America Needs to Stop The Lies and The Liars

http://www.senseoncents.com/2011/02/america-need-to-stop-the-lies-and-the-liars/

If we keep this crap up, we will not have much of a Republic left!

ex-PFC Chuck

I've come to regard Yves Smith, proprietor of the Naked Capitalism blog and author of Econned: How Unenlightened Self Interest Undermined Democracy and Corrupted Capitalism, as the most insightful observer of the financial scene out there. , especially, has been widely praised as the best explanation so far on the details and causes of the meltdown. She is not very impressed with the FCIC report:

In common with other accounts of the financial crisis, the Financial Crisis Inquiry Commission report notes that mortgage underwriting standards were abandoned, allowing many more loans to be made. It blames the regulators for not standing pat while this occurred. However, the report fails to ask, let alone answer, why standards were abandoned.

In our view, blaming the regulators is a weak argument.

A much more sensible explanation can be found by asking: what were the financial incentives for such poorly underwritten loans? Why would “the market” want bad loans?

. . .

The obvious answer is that good loans did not generate hugely excessive bonuses, but bad loans did.

What happened is that the benefits for originating bad loans exceeded the cost of these negative consequences – someone was paying enough more for bad loans to overwhelm the normal economic incentives to resist such bad underwriting. [emphasis in original]

Yves offers more specifics in her post.

ex-PFC Chuck

Last sentence of the first paragraph the above comment should begin:

Econned, especially, has been widely praised . . .

William R. Cumming

Never confuse the TARP with FED operations. They were and are separate. And by the way the FED has never understood either the HOUSING SECTOR of the economy or the ENERGY sector.
The exclusion of food and energy from the core CPI is also misfeasance by the US government.

HJFJR

Pat,

Based on your recommendation I will endeavor to read the report. A couple of observations about the financial crisis.

First, back in the 1970's I was having a conversation with my great Uncle George, who was a conservative midwestern republican (of the old school) who was the President of a small town bank in Ohio for fifty years. In that capacity he lived through at least two depressions and a number of recessions. I asked him in his opinion what was the cause of the Great Depression. His answer surprised me, but after the events of the last couple years I think it is spot on. His response was "that on the whole bankers are stupid."

The second point I would make, is the repeal of the Glass-Steagall Act was a major cause of the problems, for it broke down the wall of separation between equity banking such as Goldman-Sachs and Commercial Banking such as Bank of America. Carter Glass, who was the major author of that legislation was suspicious of equity banks. He was also a leading force in the passing of the Federal Reserve Act. While he would be described as a Jeffersonian small "d" democrat he believed that one of the proper functions of the Federal Government was the regulation and oversight over the banking industry. He had personally witnesses the results of unregulated banking and the lack of separation between equity and commercial banking in his years as the Editor of the Lynchburg News and Advance. Glass realized that without someone watching the bastards they would steal their customers blind.
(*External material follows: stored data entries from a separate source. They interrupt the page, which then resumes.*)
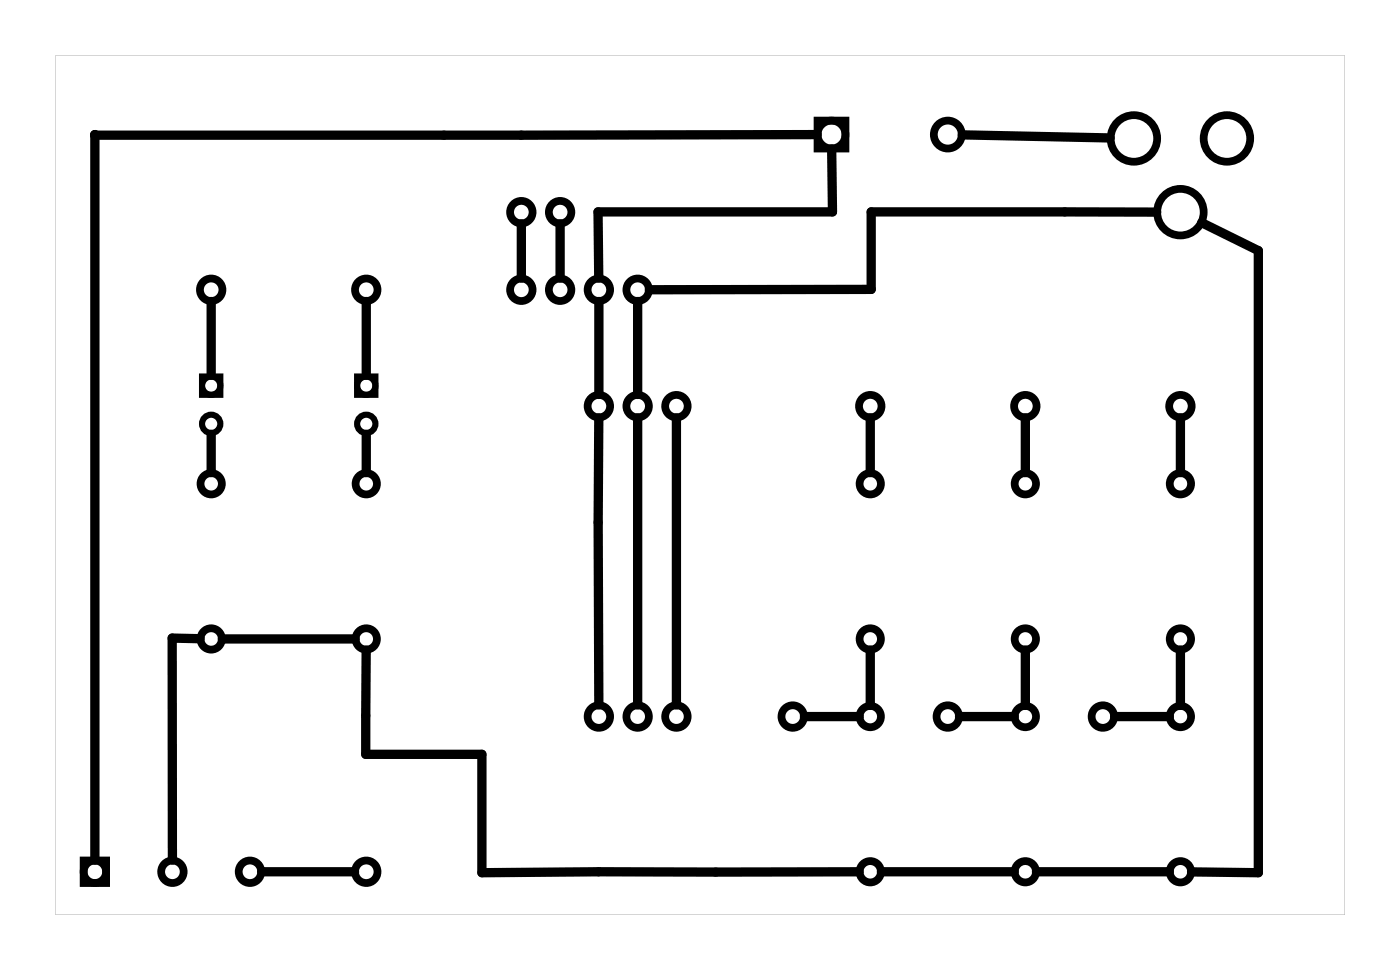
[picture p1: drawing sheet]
<svg xmlns="http://www.w3.org/2000/svg" width="92mm" height="63mm" viewBox="0 0 92 63" stroke-linecap="round" stroke-linejoin="round" font-family="sans-serif">
<path d="M3.6 3.6v56.3h84.5v-56.3zM3.6 3.6h84.5v56.3h-84.5z" fill="#000"/>
<g fill="none" stroke="#000" stroke-width=".51">
<path d="M53.6 7.9h1.8v1.8h-1.8zM5.5 56.3h1.5v1.5h-1.5z"/>
<circle cx="13.8" cy="19" r=".74"/>
<circle cx="24" cy="19" r=".74"/>
<circle cx="34.2" cy="19" r=".74"/>
<circle cx="34.2" cy="13.9" r=".74"/>
<circle cx="36.7" cy="19" r=".74"/>
<circle cx="36.7" cy="13.9" r=".74"/>
<circle cx="39.2" cy="19" r=".74"/>
<circle cx="41.8" cy="19" r=".74"/>
<circle cx="54.5" cy="8.8" r=".91"/>
<circle cx="62.1" cy="8.8" r=".91"/>
<circle cx="74.3" cy="9.1" r="1.52"/>
<circle cx="77.3" cy="13.9" r="1.52"/>
<circle cx="80.4" cy="9.1" r="1.52"/>
<circle cx="13.8" cy="31.7" r=".7"/>
<circle cx="24" cy="31.7" r=".7"/>
<circle cx="39.2" cy="26.6" r=".74"/>
<circle cx="41.8" cy="26.6" r=".74"/>
<circle cx="44.3" cy="26.6" r=".74"/>
<circle cx="57" cy="31.7" r=".7"/>
<circle cx="57" cy="26.6" r=".74"/>
<circle cx="67.2" cy="31.7" r=".7"/>
<circle cx="67.2" cy="26.6" r=".74"/>
<circle cx="77.3" cy="31.7" r=".7"/>
<circle cx="77.3" cy="26.6" r=".74"/>
<circle cx="6.2" cy="57.1" r=".74"/>
<circle cx="11.3" cy="57.1" r=".74"/>
<circle cx="13.8" cy="41.8" r=".7"/>
<circle cx="16.4" cy="57.1" r=".74"/>
<circle cx="24" cy="41.8" r=".7"/>
<circle cx="24" cy="57.1" r=".74"/>
<circle cx="39.2" cy="46.9" r=".74"/>
<circle cx="41.8" cy="46.9" r=".74"/>
<circle cx="44.3" cy="46.9" r=".74"/>
<circle cx="51.9" cy="46.9" r=".74"/>
<circle cx="57" cy="41.8" r=".7"/>
<circle cx="57" cy="57.1" r=".7"/>
<circle cx="57" cy="46.9" r=".7"/>
<circle cx="62.1" cy="46.9" r=".74"/>
<circle cx="67.2" cy="41.8" r=".7"/>
<circle cx="67.2" cy="57.1" r=".7"/>
<circle cx="67.2" cy="46.9" r=".7"/>
<circle cx="72.3" cy="46.9" r=".74"/>
<circle cx="77.3" cy="57.1" r=".7"/>
<circle cx="77.3" cy="41.8" r=".7"/>
<circle cx="77.3" cy="46.9" r=".7"/>
</g>
<g fill="none" stroke="#000" stroke-width=".4">
<path d="M13.2 24.6h1.2v1.2h-1.2zM23.4 24.6h1.2v1.2h-1.2z"/>
<circle cx="13.8" cy="25.2" r=".6"/>
<circle cx="13.8" cy="27.7" r=".6"/>
<circle cx="24" cy="25.2" r=".6"/>
<circle cx="24" cy="27.7" r=".6"/>
</g>
<g fill="none" stroke="#000" stroke-width=".61">
<path d="M13.8 19.7v4.9M24 19.7v4.9M34.2 14.7v3.5M36.7 14.7v3.5M39.2 19.7v6.1M41.8 19.7v6.1M53.5 8.8h-47.3v47.5M54.5 9.8v4.1h-15.3v4.3M63 8.8l9.7 .2M75.8 13.9h-18.7v5l-14.6 .1M78.7 14.6l3.7 1.8v40.7h-4.3M13.8 28.4v2.5"/>
<path d="M24 28.4v2.5M39.2 27.4v18.7M41.8 27.4v18.7M44.3 27.4v18.7M57 27.4v3.5M67.2 27.4v3.5M77.3 27.4v3.5M13.1 41.8h-1.8v14.5M14.6 41.8h8.7M17.1 57.1h6.1M24 42.6v6.8h7.6v7.7h24.7M52.7 46.9h3.6"/>
<path d="M57 42.6v3.6M57.7 57.1h8.7M62.9 46.9h3.5M67.2 42.6v3.6M67.9 57.1h8.7M73 46.9h3.6M77.3 42.6v3.6"/>
</g>
</svg>

Deregulation sounds good, but in some areas it is best not to trust human nature.

different clue

(I still haven't solved a lot of my computer access problems. Someone more diligent than I would have done so by now. So my comment will be lunch-break short).

ex-PFC Chuck and William R. Cumming both beat me to a couple of things. One is that Yves Smith at Naked Capitalism has been writing very detailed material on the financial events. She has especially been looking very hard and with fine detail on the emerging story
of outright fraudulent loans
and outright lawless handling of loan documents and their chains-of-custody leading to the waves of outlaw fraudulent foreclosures today. Some of her commenters have been sending in material as detailed on that subject as what David Habbakuk writes on his subjects. Photostatted raw legal documents are included where relevant. Yves Smith feels that if enough homeowers and State Attorneys General bring enough cases against the relevant black hat players up and down the fraudloan fraudclosure chain, that will be a slow motion drip drip drip Pecora Hearings type of event. Also, the TARP lendings and the Fed Window and other orifice lendings were/are two different programs. (Also, the forced march bankruptcy of GM and Chrysler was different than the strings-free 100 per cent bailout of the black hat megabanks, even within the TARP sphere).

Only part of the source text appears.